Starke Verbindungen zwischen der Ernährung von Müttern und der Gesundheit ihrer Kinder

Starke Verbindungen zwischen der Ernährung von Müttern und der Gesundheit ihrer Kinder
Starke Verbindungen zwischen der Ernährung von Müttern und der Gesundheit ihrer Kinder
Anonim

Ein neuer Bericht von Wissenschaftlern der University of Southampton betont die Zusammenhänge zwischen schlechter Ernährung bei Müttern und schlechter Gesundheit ihrer Kinder und fordert, Frauen im gebärfähigen Alter stärker für die Bedeutung einer guten Ernährung zu sensibilisieren.

Der Bericht „Early Nutrition and Lifelong He alth“, der diesen Monat vom British Medical Association Board of Science veröffentlicht wurde, untersucht die Beweise dafür, dass die Ernährung von Frauen im gebärfähigen Alter und die ihrer Föten und kleinen Kinder wichtige Faktoren bei der Beeinflussung des Risikos für chronische Krankheiten wie Herzerkrankungen, Diabetes, Fettleibigkeit, Glasknochenkrankheit und sogar einige Formen von Krebs und Geisteskrankheiten im späteren Leben dieser Kinder.
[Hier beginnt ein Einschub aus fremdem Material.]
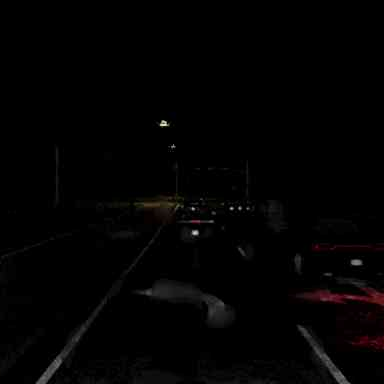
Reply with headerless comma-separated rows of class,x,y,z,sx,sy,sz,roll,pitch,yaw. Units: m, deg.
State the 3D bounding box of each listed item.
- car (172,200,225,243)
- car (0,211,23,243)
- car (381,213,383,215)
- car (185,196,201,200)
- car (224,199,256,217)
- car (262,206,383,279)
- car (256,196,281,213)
car,0.124,1.338,15.189,2.128,1.511,4.902,0,1,0
car,-8.080,1.401,12.401,1.812,1.442,4.674,0,1,0
car,7.110,1.410,11.420,1.812,1.442,4.674,0,1,0
car,0.077,1.189,31.491,1.837,1.490,4.892,0,1,0
car,3.596,1.271,27.573,2.033,1.411,5.357,0,1,0
car,3.615,1.379,9.766,1.882,1.535,5.008,0,0,0
car,7.077,1.187,31.644,1.837,1.490,4.892,0,1,0
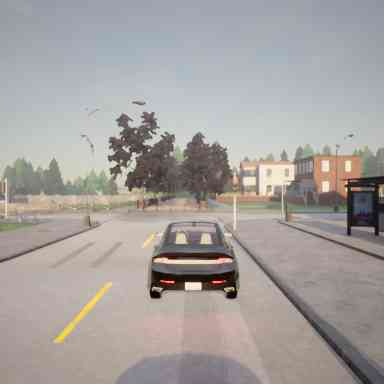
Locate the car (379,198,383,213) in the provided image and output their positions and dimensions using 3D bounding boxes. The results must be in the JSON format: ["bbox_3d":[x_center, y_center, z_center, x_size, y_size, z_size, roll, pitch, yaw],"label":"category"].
[{"bbox_3d":[18.435,1.351,33.333,4.553,1.767,2.097,0,0,0],"label":"car"}]

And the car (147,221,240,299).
[{"bbox_3d":[0.047,1.491,8.436,2.128,1.511,4.902,0,0,1],"label":"car"}]
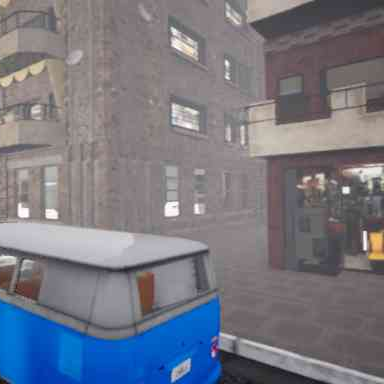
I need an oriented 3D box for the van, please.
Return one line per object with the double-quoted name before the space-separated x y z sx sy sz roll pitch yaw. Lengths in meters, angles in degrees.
"van" -1.599 1.339 4.036 3.998 1.788 1.690 0 -1 36
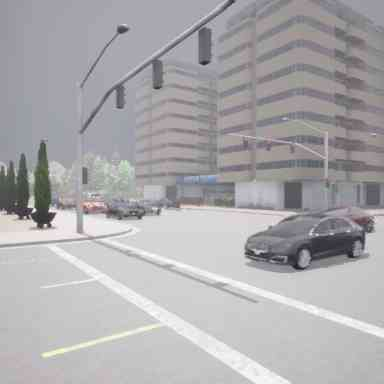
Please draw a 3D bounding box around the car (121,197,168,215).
[{"bbox_3d":[-4.830,1.492,32.982,2.128,1.511,4.902,0,0,-35],"label":"car"}]

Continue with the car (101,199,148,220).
[{"bbox_3d":[-5.806,1.564,28.258,1.994,1.385,4.181,0,0,-35],"label":"car"}]

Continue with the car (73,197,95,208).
[{"bbox_3d":[-15.962,1.505,49.033,1.837,1.490,4.892,0,0,-34],"label":"car"}]

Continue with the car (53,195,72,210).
[{"bbox_3d":[-16.403,1.526,43.524,1.812,1.442,4.674,0,0,-35],"label":"car"}]

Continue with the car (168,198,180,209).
[{"bbox_3d":[-3.379,1.505,43.514,1.837,1.490,4.892,0,0,-35],"label":"car"}]

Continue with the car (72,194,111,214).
[{"bbox_3d":[-10.763,1.352,35.391,2.097,1.767,4.553,0,0,-35],"label":"car"}]

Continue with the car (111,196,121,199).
[{"bbox_3d":[-10.075,1.505,40.538,1.837,1.490,4.892,0,0,-35],"label":"car"}]

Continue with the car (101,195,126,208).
[{"bbox_3d":[-11.684,1.352,49.330,2.097,1.767,4.553,0,0,-35],"label":"car"}]

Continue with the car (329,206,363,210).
[{"bbox_3d":[8.350,1.526,18.504,4.674,1.442,1.812,0,0,-35],"label":"car"}]

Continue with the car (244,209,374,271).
[{"bbox_3d":[3.867,1.505,11.026,4.892,1.490,1.837,0,0,-35],"label":"car"}]
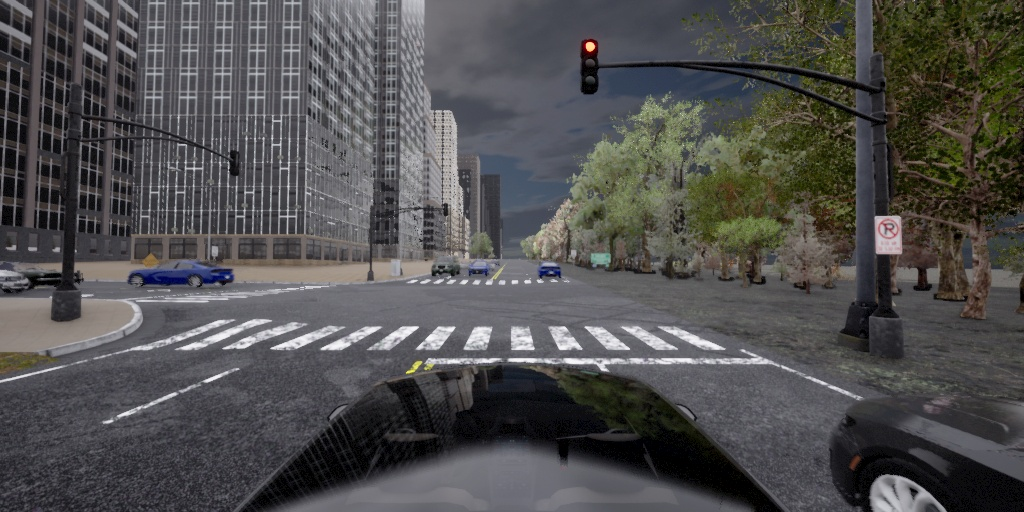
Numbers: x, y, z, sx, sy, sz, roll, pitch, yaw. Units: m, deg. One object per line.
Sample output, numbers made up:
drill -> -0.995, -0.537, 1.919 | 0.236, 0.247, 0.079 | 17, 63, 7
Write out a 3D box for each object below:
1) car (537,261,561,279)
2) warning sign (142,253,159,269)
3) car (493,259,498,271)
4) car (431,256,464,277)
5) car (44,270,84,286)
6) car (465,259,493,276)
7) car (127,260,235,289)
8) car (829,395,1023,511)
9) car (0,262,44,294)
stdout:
car -> 3.368, 1.220, 33.209 | 1.882, 1.535, 5.008 | 1, 1, 0
warning sign -> -26.156, 0.733, 25.897 | 1.060, 1.860, 1.300 | 0, 0, -4
car -> -3.338, 1.380, 48.698 | 1.895, 1.301, 4.718 | 0, 0, 0
car -> -6.595, 0.990, 36.234 | 2.150, 2.045, 5.566 | 0, 0, 0
car -> -23.212, 0.919, 16.626 | 4.718, 1.301, 1.895 | 1, -2, -4
car -> -3.339, 1.250, 37.094 | 1.882, 1.535, 5.008 | 0, 0, 0
car -> -18.565, 1.003, 20.238 | 5.008, 1.535, 1.882 | 1, -2, -1
car -> 3.349, 1.246, 0.721 | 1.837, 1.490, 4.892 | -1, -1, 0
car -> -21.418, 0.756, 13.486 | 4.674, 1.442, 1.812 | 1, -2, -4
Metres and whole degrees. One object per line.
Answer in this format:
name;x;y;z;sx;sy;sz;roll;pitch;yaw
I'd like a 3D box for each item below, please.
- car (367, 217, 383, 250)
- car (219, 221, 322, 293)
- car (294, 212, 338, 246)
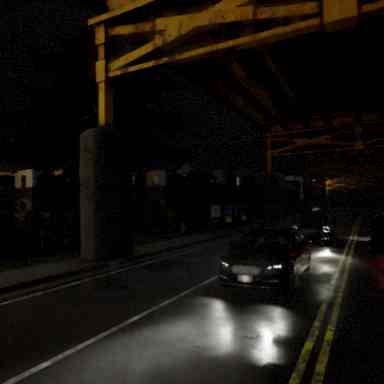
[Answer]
car;9.886;1.953;16.447;1.837;1.490;4.892;-2;-3;27
car;2.398;1.853;10.077;2.128;1.511;4.902;-2;-3;28
car;6.969;1.960;18.853;2.097;1.767;4.553;-2;-3;28
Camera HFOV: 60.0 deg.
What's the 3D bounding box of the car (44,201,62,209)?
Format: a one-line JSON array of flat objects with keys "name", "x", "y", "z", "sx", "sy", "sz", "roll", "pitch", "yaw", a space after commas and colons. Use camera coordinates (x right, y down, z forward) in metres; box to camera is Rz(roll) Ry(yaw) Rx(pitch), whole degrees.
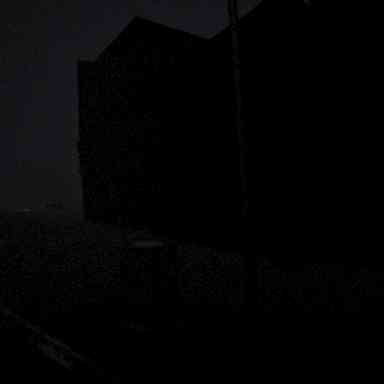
[{"name": "car", "x": -26.349, "y": 2.470, "z": 63.238, "sx": 1.812, "sy": 1.442, "sz": 4.674, "roll": -4, "pitch": -1, "yaw": 4}]
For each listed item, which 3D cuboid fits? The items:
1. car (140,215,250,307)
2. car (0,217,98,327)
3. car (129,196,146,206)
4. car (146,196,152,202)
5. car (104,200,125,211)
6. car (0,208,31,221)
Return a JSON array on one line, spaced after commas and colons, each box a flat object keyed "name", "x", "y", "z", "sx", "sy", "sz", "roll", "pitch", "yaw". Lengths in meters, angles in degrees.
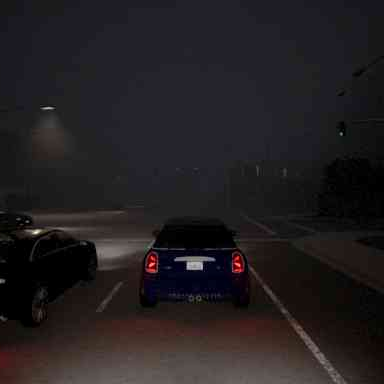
[{"name": "car", "x": 0.060, "y": 1.364, "z": 8.155, "sx": 2.097, "sy": 1.767, "sz": 4.553, "roll": 0, "pitch": 0, "yaw": 0}, {"name": "car", "x": -3.446, "y": 1.503, "z": 7.015, "sx": 2.128, "sy": 1.511, "sz": 4.902, "roll": 0, "pitch": 0, "yaw": 0}, {"name": "car", "x": -10.653, "y": 1.689, "z": 63.210, "sx": 2.097, "sy": 1.767, "sz": 4.553, "roll": 0, "pitch": 1, "yaw": 0}, {"name": "car", "x": -10.630, "y": 1.611, "z": 78.198, "sx": 1.882, "sy": 1.535, "sz": 5.008, "roll": 0, "pitch": 1, "yaw": 0}, {"name": "car", "x": -10.673, "y": 1.871, "z": 45.822, "sx": 1.812, "sy": 1.442, "sz": 4.674, "roll": 0, "pitch": 0, "yaw": 0}, {"name": "car", "x": -12.267, "y": 1.664, "z": 20.813, "sx": 4.181, "sy": 1.385, "sz": 1.994, "roll": 0, "pitch": -1, "yaw": 0}]
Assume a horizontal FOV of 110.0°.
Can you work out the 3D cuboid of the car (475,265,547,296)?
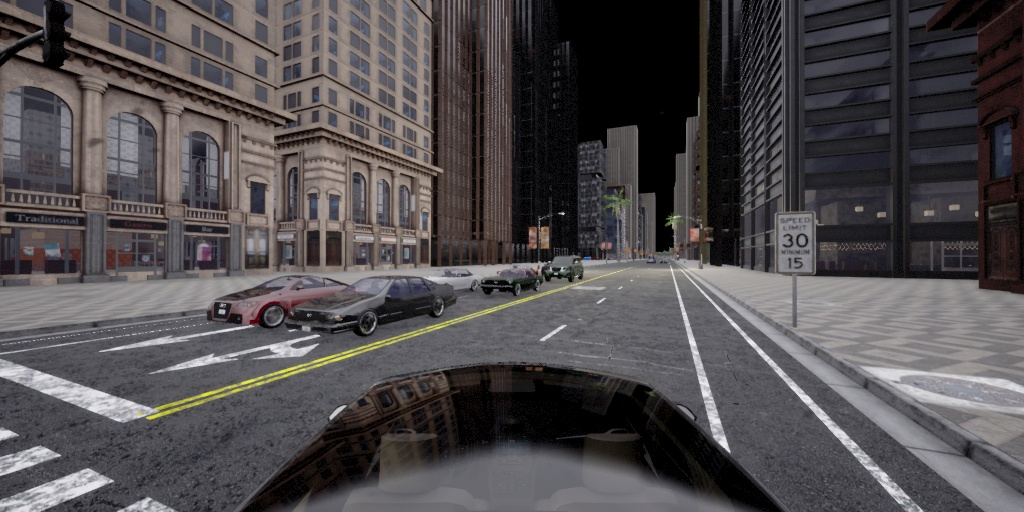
[{"bbox_3d":[0.105,1.358,19.562,1.895,1.301,4.718,0,0,24],"label":"car"}]

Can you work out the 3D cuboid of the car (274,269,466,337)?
[{"bbox_3d":[-3.721,1.299,10.770,2.033,1.411,5.357,0,0,24],"label":"car"}]

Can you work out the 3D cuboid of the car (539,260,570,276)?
[{"bbox_3d":[4.601,1.251,37.946,1.882,1.535,5.008,0,0,24],"label":"car"}]

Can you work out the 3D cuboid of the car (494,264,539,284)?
[{"bbox_3d":[0.495,1.364,28.602,1.895,1.301,4.718,0,0,24],"label":"car"}]

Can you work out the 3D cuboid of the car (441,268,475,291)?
[{"bbox_3d":[-3.481,1.357,19.468,1.895,1.301,4.718,0,0,24],"label":"car"}]

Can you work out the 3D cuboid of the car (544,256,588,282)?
[{"bbox_3d":[4.376,0.987,29.369,2.150,2.045,5.566,0,0,23],"label":"car"}]

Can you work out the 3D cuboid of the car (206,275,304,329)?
[{"bbox_3d":[-6.972,1.316,11.433,1.994,1.385,4.181,0,0,24],"label":"car"}]
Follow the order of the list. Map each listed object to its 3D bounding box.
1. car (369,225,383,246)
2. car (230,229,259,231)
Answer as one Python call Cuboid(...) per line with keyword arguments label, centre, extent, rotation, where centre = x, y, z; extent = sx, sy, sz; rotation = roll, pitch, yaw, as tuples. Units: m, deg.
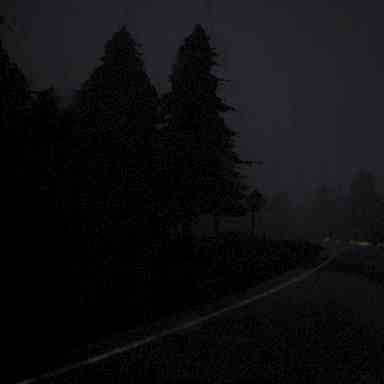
Cuboid(label="car", centre=(13.021, 2.847, 21.389), extent=(2.128, 1.511, 4.902), rotation=(3, -5, 11))
Cuboid(label="car", centre=(5.758, 5.337, 41.718), extent=(1.895, 1.301, 4.718), rotation=(6, -9, -32))
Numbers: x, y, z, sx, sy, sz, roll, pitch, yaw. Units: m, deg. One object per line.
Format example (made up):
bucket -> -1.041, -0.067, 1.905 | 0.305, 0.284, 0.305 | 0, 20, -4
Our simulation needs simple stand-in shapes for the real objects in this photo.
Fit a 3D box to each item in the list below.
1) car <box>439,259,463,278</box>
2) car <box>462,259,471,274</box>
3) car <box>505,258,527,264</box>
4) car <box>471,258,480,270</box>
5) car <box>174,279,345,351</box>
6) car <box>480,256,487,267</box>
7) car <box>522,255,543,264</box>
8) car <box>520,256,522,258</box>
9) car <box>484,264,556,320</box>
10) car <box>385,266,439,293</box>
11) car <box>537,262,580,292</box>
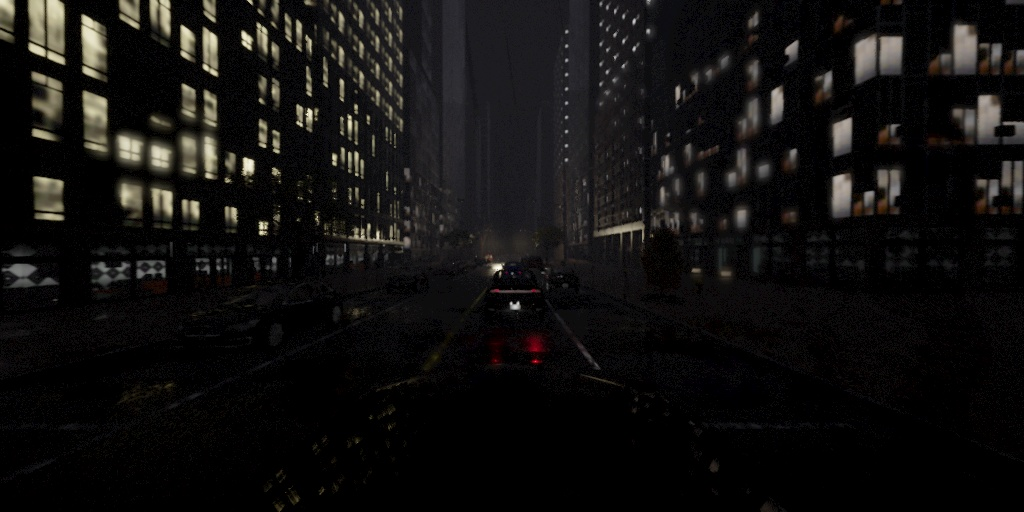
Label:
car -> -5.713, 1.210, 31.496 | 1.802, 1.307, 4.207 | 0, 0, 0
car -> -5.717, 1.044, 37.179 | 1.967, 1.591, 4.097 | 0, 0, 0
car -> 0.068, 1.160, 29.936 | 1.812, 1.442, 4.674 | 0, 0, 0
car -> -5.725, 1.083, 48.377 | 1.751, 1.417, 4.829 | 0, 0, 0
car -> -5.697, 1.272, 8.762 | 2.007, 1.370, 4.403 | 0, 0, 0
car -> -5.734, 1.075, 59.914 | 1.948, 1.339, 4.313 | 0, 0, 0
car -> 2.660, 0.896, 42.869 | 2.192, 1.841, 5.009 | 0, 0, 0
car -> 2.656, 0.872, 48.553 | 2.192, 1.841, 5.009 | 0, 0, 0
car -> 0.091, 1.198, 12.430 | 2.128, 1.511, 4.902 | 0, 0, 0
car -> -5.705, 1.225, 20.128 | 2.007, 1.370, 4.403 | 0, 0, 0
car -> 2.676, 1.225, 20.134 | 2.007, 1.370, 4.403 | 0, 0, 0
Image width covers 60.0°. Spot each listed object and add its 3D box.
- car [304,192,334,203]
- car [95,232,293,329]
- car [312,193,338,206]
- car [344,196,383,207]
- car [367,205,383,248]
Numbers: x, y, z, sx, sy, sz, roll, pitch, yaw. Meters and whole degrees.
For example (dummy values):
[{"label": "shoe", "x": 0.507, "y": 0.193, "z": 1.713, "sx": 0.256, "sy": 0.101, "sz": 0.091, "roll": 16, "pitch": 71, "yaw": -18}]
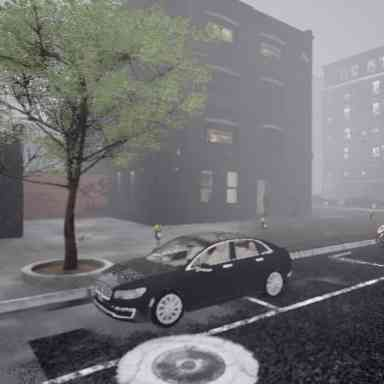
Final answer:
[{"label": "car", "x": 20.009, "y": 0.906, "z": 52.544, "sx": 1.967, "sy": 1.590, "sz": 4.097, "roll": 2, "pitch": 0, "yaw": -36}, {"label": "car", "x": 0.248, "y": 1.549, "z": 6.878, "sx": 4.403, "sy": 1.369, "sz": 2.008, "roll": 0, "pitch": 1, "yaw": -36}, {"label": "car", "x": 16.611, "y": 1.049, "z": 42.966, "sx": 1.887, "sy": 1.381, "sz": 4.507, "roll": 2, "pitch": 0, "yaw": -36}, {"label": "car", "x": 19.892, "y": 1.156, "z": 38.327, "sx": 1.887, "sy": 1.381, "sz": 4.507, "roll": 2, "pitch": 0, "yaw": -36}, {"label": "car", "x": 9.051, "y": 1.437, "z": 13.167, "sx": 4.097, "sy": 1.590, "sz": 1.967, "roll": 0, "pitch": 1, "yaw": -36}]
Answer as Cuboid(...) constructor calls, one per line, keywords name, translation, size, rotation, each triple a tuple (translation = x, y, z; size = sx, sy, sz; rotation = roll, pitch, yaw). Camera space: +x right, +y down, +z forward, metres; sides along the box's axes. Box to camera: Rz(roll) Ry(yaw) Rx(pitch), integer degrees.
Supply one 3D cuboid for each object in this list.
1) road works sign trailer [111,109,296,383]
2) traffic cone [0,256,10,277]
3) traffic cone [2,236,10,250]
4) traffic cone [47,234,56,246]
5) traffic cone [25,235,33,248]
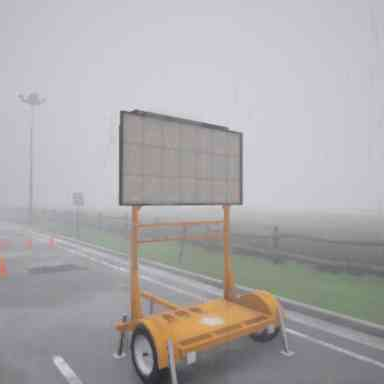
Cuboid(name="road works sign trailer", translation=(-0.203, 0.619, 5.430), size=(2.380, 3.560, 2.880), rotation=(1, -2, -38))
Cuboid(name="traffic cone", translation=(-5.685, 2.210, 9.997), size=(0.340, 0.580, 0.340), rotation=(1, -2, -38))
Cuboid(name="traffic cone", translation=(-8.584, 2.343, 15.343), size=(0.340, 0.580, 0.340), rotation=(1, -2, -38))
Cuboid(name="traffic cone", translation=(-7.006, 2.384, 16.571), size=(0.340, 0.580, 0.340), rotation=(1, -2, -38))
Cuboid(name="traffic cone", translation=(-7.795, 2.363, 15.957), size=(0.340, 0.580, 0.340), rotation=(1, -2, -38))
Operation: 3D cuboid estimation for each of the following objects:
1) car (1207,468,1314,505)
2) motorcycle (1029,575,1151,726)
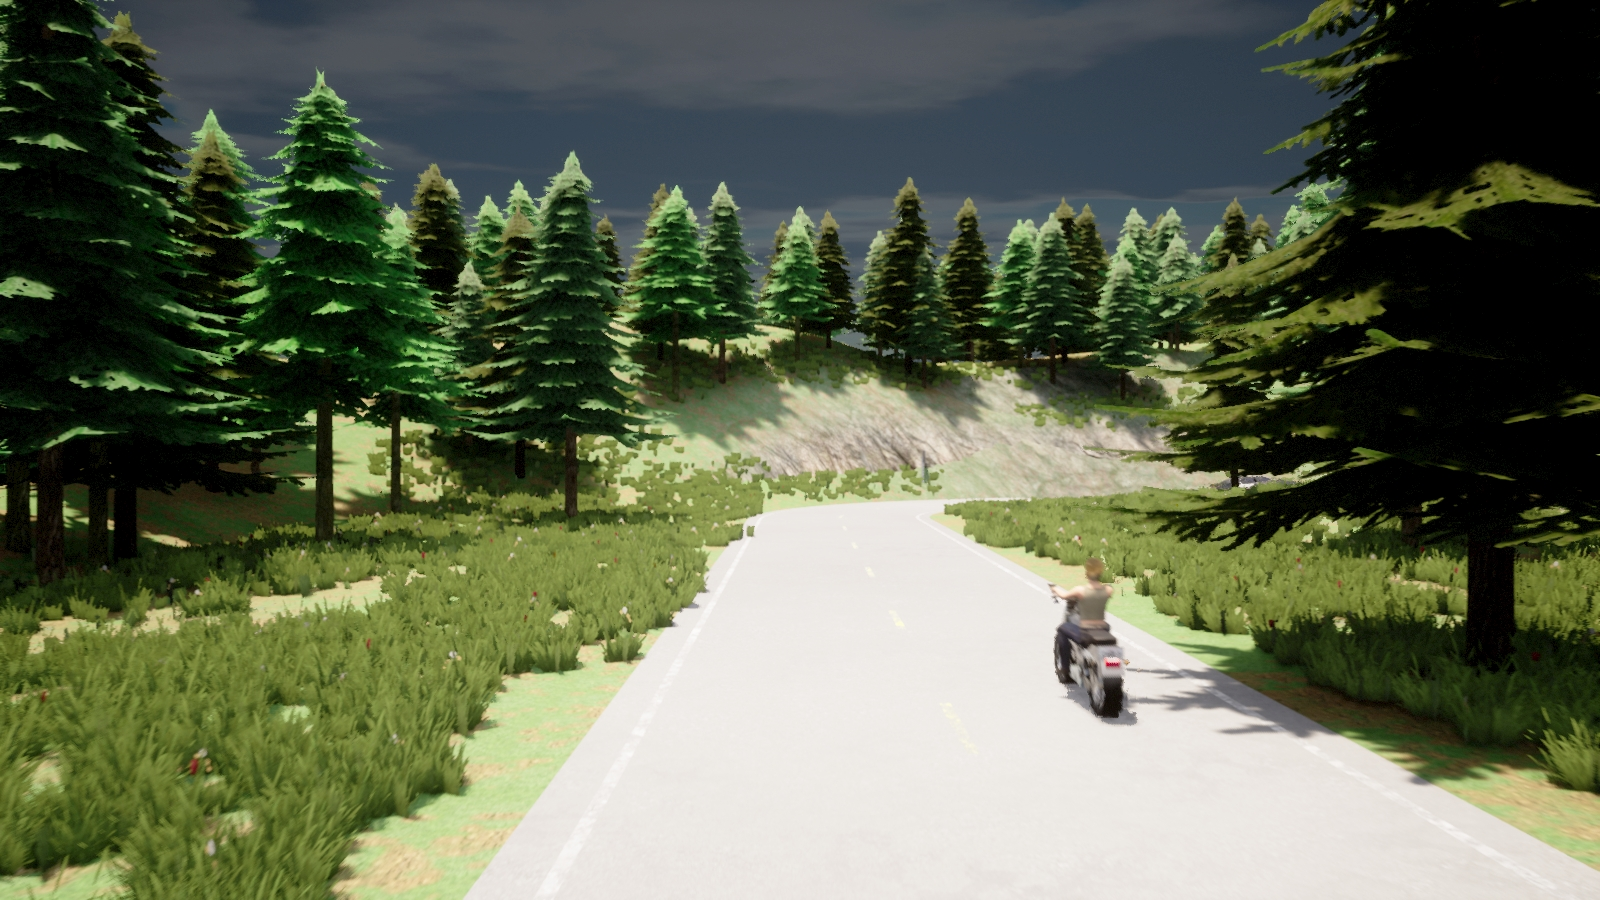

Hauptautor Professor Mark Hanson, Direktor des Center for the Developmental Origins of He alth and Disease an der University of Southampton, kommentiert: „Die Gesellschaft und die Organisationen des öffentlichen Gesundheitswesens müssen diesen Themen viel größere Aufmerksamkeit schenken, wenn die Epidemie zunimmt dieser Krankheiten muss verhindert werden. Es ist oft zu spät, die Krankheiten zu bekämpfen, wenn Kinder das Erwachsenen alter erreichen. Durch Maßnahmen zur Verbesserung der Ernährung von Müttern könnten wir viele Menschen vor einer lebenslangen Krankheit bewahren."

Die Forschung wurde teilweise vom Medical Research Council (MRC) finanziert und die Co-Autoren von Professor Hanson sind Professor Caroline Fall, Dr. Sian Robinson und Dr. Janis Baird vom MRC Epidemiology Research Center an der University of Southampton.

Ihr Bericht weckt Bedenken hinsichtlich der Ernährung im Vereinigten Königreich, aber auch in Entwicklungsländern in vielen Teilen der Welt.

Laut den Autoren kann eine unausgewogene Ernährung, sei es zu viel oder zu wenig oder von schlechter Qualität, Langzeitfolgen haben. In Großbritannien zum Beispiel ernähren sich viele Menschen arm an bestimmten Nährstoffen, obwohl sie Zugang zu reichlich Nahrung haben.

Die Zahl der Frauen, die ihre Säuglinge stillen, ist immer noch zu gering, sagen sie, da viele Frauen mit dem Stillen beginnen, dann aber zu früh aufhören und viele Säuglinge in der Entwöhnungsphase mit ungeeigneter Nahrung gefüttert werden.

"Die in vielen Entwicklungsländern stattfindenden Ernährungsumstellungen werden große Auswirkungen auf die Ernährung zwischen den Generationen haben, und dies wird das Risiko chronischer Krankheiten dramatisch erhöhen", fährt Professor Hanson fort.

"Nicht nur Frauen müssen auf die Qualität ihrer Nahrungsaufnahme achten. Auch werdende Väter sollten sich gut ernähren, und es müssen Schritte unternommen werden, um sicherzustellen, dass junge Menschen die Bedeutung einer guten Ernährung als Teil ihres Lebens verstehen Lebensgewohnheiten."

Der Bericht deutet darauf hin, dass die Ärzteschaft helfen kann, indem sie Menschen über die Bedeutung einer guten Ernährung berät, insbesondere vor und nach der Geburt von Kindern, und indem sie das Stillen und geeignete Frühnahrung für Babys fördert.

Menschen mit kleinen Kindern könnten mehr Ratschläge gegeben werden, wie wichtig eine ausgewogene Ernährung für diese Kinder ist, und Frauen könnte mehr Unterstützung gegeben werden, um ihnen zu helfen, mit dem Stillen zu beginnen und es fortzusetzen.